■ What to produce: If a line in the records below contains the word "input", copy it out.

■ Available data:
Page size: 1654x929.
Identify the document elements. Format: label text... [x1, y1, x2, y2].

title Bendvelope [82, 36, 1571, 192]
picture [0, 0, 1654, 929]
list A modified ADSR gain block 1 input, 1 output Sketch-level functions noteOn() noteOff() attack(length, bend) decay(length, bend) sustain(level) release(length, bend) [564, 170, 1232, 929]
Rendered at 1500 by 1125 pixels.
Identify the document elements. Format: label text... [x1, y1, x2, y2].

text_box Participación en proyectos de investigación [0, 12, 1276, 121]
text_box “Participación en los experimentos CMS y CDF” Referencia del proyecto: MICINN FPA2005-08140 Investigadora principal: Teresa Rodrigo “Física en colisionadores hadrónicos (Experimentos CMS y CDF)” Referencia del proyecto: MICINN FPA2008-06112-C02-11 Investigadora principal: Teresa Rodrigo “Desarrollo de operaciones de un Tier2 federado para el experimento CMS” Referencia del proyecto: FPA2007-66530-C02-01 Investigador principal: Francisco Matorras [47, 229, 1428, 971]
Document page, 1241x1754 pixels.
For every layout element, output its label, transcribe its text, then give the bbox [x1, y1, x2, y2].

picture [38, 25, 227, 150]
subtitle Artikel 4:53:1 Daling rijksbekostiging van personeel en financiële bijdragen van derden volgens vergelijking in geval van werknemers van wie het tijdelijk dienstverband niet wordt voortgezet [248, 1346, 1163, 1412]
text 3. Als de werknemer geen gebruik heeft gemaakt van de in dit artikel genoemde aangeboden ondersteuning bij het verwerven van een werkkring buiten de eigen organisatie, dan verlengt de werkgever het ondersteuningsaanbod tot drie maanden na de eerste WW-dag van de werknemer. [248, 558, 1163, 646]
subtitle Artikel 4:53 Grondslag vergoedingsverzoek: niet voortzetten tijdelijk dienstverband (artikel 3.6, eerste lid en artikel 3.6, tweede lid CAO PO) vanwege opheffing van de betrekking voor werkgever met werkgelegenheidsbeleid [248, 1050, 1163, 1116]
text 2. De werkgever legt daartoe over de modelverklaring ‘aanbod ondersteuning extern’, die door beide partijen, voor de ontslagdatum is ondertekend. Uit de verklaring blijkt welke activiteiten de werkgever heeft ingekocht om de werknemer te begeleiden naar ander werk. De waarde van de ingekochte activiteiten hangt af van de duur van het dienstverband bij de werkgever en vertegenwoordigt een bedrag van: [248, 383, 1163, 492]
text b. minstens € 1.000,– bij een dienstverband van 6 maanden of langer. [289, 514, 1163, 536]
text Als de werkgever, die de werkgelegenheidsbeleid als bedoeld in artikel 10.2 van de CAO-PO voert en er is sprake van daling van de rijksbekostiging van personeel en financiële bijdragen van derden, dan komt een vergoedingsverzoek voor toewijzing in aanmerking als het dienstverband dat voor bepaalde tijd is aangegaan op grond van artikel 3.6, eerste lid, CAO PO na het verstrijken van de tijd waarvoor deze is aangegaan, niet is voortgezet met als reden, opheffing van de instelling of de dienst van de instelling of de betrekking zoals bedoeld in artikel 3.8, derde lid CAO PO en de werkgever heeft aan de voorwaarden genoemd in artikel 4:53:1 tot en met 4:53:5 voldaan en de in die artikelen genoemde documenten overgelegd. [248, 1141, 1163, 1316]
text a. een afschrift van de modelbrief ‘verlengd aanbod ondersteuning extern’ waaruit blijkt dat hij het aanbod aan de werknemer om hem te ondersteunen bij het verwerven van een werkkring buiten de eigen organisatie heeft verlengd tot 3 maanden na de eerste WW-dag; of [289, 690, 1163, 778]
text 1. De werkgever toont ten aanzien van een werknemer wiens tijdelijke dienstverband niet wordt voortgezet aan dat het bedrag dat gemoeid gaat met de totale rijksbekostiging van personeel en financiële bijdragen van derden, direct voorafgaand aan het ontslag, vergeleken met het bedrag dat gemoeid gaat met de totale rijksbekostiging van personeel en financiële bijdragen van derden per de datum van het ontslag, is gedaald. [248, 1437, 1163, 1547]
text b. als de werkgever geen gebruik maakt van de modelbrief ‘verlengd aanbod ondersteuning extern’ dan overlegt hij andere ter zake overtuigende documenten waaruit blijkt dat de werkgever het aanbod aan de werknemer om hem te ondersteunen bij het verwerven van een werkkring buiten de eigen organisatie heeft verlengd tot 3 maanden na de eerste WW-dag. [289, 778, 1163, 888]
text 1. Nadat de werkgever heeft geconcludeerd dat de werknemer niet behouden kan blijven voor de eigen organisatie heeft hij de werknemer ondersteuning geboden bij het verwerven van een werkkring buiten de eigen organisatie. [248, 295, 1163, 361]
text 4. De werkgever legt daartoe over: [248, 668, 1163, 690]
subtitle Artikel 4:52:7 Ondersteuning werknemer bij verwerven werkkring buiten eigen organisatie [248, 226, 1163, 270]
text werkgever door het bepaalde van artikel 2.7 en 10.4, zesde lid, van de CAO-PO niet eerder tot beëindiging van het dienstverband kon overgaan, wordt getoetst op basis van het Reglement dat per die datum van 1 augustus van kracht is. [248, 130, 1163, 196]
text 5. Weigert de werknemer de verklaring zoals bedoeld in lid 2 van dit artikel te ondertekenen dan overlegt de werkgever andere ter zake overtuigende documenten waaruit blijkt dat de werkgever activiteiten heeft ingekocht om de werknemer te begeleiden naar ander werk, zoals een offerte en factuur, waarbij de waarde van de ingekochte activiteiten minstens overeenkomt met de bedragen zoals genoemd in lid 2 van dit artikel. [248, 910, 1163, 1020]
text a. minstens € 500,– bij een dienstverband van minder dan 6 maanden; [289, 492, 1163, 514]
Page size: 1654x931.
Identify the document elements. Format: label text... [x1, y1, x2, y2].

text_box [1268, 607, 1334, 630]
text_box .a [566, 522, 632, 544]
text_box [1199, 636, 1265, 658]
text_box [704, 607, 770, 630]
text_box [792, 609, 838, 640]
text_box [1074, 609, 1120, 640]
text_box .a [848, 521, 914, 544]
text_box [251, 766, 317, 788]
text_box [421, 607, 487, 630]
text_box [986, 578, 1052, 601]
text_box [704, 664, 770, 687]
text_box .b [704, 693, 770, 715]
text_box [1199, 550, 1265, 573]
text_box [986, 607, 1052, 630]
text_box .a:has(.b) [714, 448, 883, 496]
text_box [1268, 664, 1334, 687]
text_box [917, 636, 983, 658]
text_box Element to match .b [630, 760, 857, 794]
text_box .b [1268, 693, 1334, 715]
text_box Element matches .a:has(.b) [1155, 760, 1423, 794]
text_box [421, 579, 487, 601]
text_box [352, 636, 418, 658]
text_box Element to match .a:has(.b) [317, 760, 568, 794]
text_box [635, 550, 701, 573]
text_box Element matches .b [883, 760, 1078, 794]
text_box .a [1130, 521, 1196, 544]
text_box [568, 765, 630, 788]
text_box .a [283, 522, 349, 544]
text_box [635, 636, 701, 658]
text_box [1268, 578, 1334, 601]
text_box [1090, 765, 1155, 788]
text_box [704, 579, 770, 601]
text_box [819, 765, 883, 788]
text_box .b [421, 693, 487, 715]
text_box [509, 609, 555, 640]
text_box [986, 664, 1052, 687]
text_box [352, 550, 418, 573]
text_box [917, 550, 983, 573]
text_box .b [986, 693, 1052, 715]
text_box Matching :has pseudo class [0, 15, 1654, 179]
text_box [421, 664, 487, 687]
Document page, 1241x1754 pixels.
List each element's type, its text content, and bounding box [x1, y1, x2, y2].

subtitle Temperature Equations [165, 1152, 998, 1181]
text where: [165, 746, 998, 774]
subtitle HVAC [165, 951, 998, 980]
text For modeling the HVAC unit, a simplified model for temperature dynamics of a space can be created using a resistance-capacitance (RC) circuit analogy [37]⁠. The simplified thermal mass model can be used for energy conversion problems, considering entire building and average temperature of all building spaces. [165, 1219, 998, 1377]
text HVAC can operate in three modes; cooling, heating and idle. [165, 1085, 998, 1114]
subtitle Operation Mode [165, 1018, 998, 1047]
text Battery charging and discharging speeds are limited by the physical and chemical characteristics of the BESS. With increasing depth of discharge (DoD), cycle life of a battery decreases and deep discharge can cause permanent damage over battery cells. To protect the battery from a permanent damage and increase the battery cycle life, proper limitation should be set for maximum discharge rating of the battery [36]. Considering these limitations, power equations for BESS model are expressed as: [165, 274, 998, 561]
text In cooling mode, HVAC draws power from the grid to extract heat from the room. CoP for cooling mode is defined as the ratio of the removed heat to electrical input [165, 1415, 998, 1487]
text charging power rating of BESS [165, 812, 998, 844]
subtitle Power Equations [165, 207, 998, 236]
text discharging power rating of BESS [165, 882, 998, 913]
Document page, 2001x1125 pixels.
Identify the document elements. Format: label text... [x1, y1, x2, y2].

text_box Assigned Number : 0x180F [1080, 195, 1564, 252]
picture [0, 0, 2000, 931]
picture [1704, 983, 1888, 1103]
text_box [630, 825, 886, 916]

■ Exercise result:
list A modified ADSR gain block 1 input, 1 output Sketch-level functions noteOn() noteOff() attack(length, bend) decay(length, bend) sustain(level) release(length, bend) [564, 170, 1232, 929]
text In cooling mode, HVAC draws power from the grid to extract heat from the room. CoP for cooling mode is defined as the ratio of the removed heat to electrical input [165, 1415, 998, 1487]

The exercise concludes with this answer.